Weinstein v. Saturn Corp.
This text of 303 F. App'x 424 (Weinstein v. Saturn Corp.) is published on Counsel Stack Legal Research, covering Court of Appeals for the Ninth Circuit primary law. Counsel Stack provides free access to over 12 million legal documents including statutes, case law, regulations, and constitutions.
Opinion
MEMORANDUM
Plaintiff Richard A. Weinstein appeals the district court’s dismissal of this action. We in part affirm and in part vacate and remand for further proceedings consistent with this disposition.
The appeal from the district court’s dismissal of Weinstein’s express warranty claim, last stated in the Second Amended Complaint, is unavailing, as he alleged no facts in his pleading suggesting that the vehicle’s warranty explicitly covered touch tone functionality in the OnStar system.

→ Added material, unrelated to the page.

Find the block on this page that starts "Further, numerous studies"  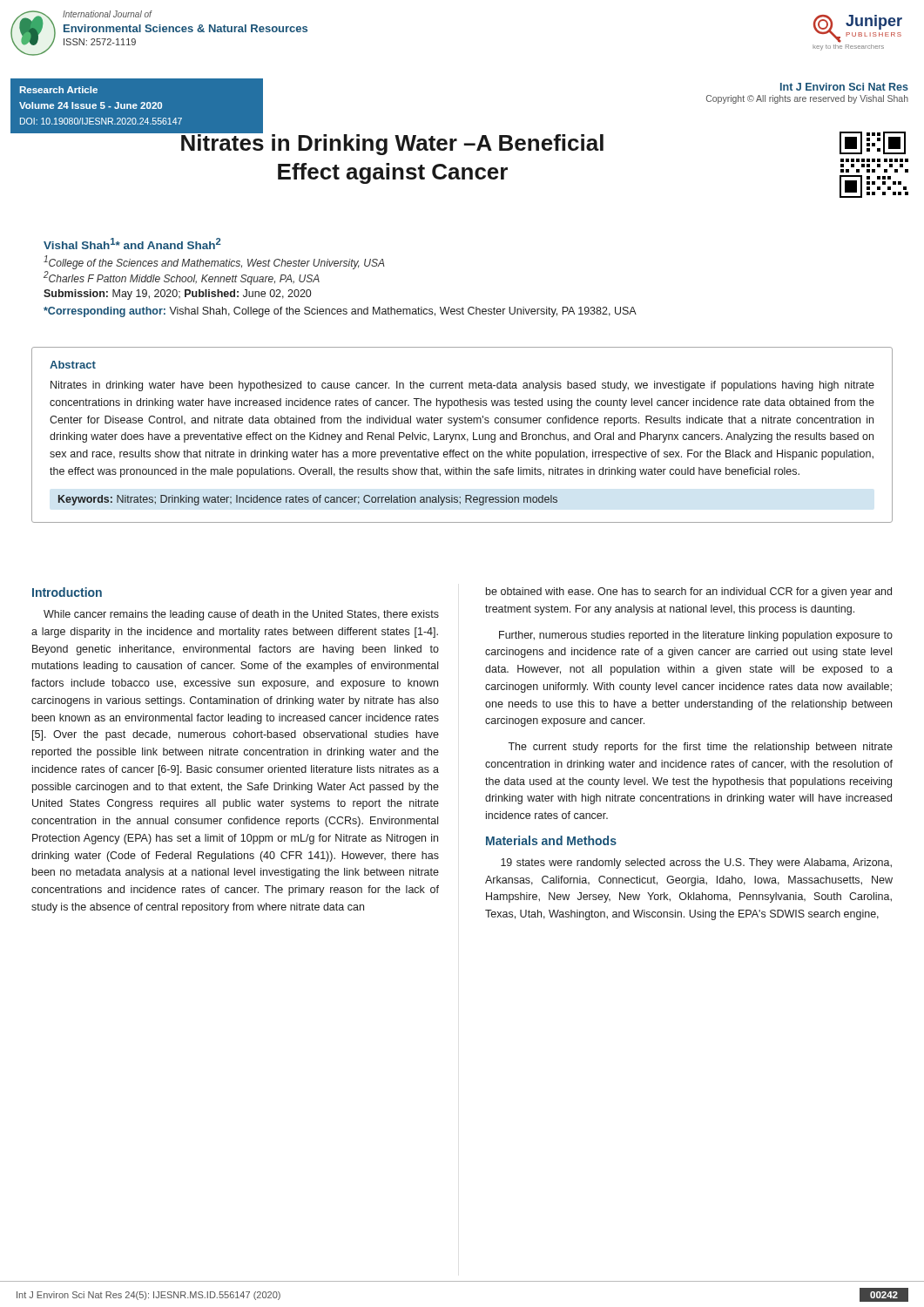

Weinstein’s statutory claims under the Consumer Legal Remedies Act, California Civil Code § 1750 et seq., the Unfair Competition Law, California Business and Professions Code § 17200 et seq., and the False Advertising Law, California Business and Professions Code § 17500 et seq., “are governed by the ‘reasonable consumer’ test.” Williams v. Gerber Prod. Co., 523 F.3d 934, 938 (9th Cir.2008). Under [426]*426that standard, a plaintiff “must show that ‘members of the public are likely to be deceived.’ ” Id. (some internal quotation marks omitted) (quoting Freeman v. Time, Inc., 68 F.3d 285, 289 (9th Cir.1995)). That is a question not ordinarily appropriate for determination on the pleadings. Id. at 938-39 (describing it as a “rare situation in which granting a motion to dismiss is appropriate”).

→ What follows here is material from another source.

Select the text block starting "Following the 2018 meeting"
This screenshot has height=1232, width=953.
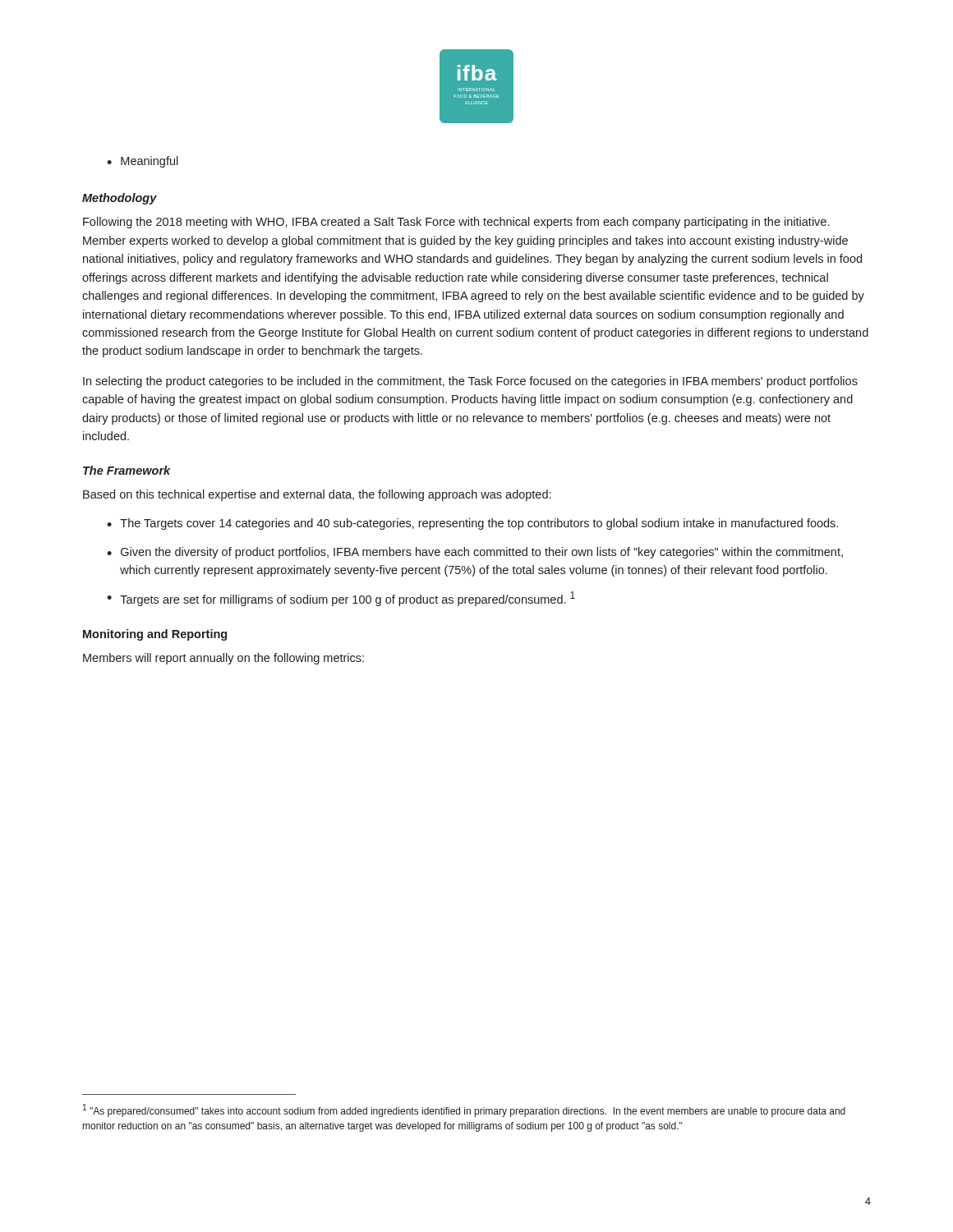coord(475,287)

The Third Amended Complaint (TAC) pleads-each of the four remaining causes of action, including those statutory claims, with sufficient particularity to support an inference that a reasonable consumer might believe, absent a contrary disclosure by Saturn prior to purchase, that the VUE’s OnStar calling system operated like an “ordinary” telephone, including the capacity to navigate automated phone systems that the OnStar system sold with Weinstein’s car lacked. See Bell Atlantic Corp. v. Twombly, 550 U.S. 544, 127 S.Ct. 1955, 1965-66, 167 L.Ed.2d 929 (2007); Vess v. Ciba-Geigy Corp. USA, 317 F.3d 1097, 1106 (9th Cir.2003); Bardin v. Daimlerchrysler Corp., 136 Cal.App.4th 1255, 39 Cal.Rptr.3d 634, 648-49 (2006). Although the allegations in the TAC may be appropriate for adjudication on summary judgment, the TAC alleges enough to preclude a finding as a matter of law that no reasonable consumer would have been misled about the OnStar system.1
The TAC also alleges facts supporting the existence of an actual agency relationship between Saturn and East Bay Auto Group with sufficient particularity to survive dismissal, irrespective of whether Rule 8 or Rule 9(b) of the Federal Rules of Civil Procedure applies to allegations of agency. See Kaplan v. Coldwell Banker Residential Affiliates, Inc., 69 Cal.Rptr.2d 640, 59 Cal.App.4th 741, 745 (1997). Liberally construed and taken as truthful, the TAC alleges that Saturn exercised “substantial control” over the dealership. Id. Whether that allegation could survive a challenge at summary judgment is uncertain, but the TAC is a sufficient pleading at this stage of the case.
Each party to bear its own costs.
AFFIRMED in part; VACATED and REMANDED in part.
This disposition is not appropriate for publication and except as provided by 9th Cir. R. 36-3.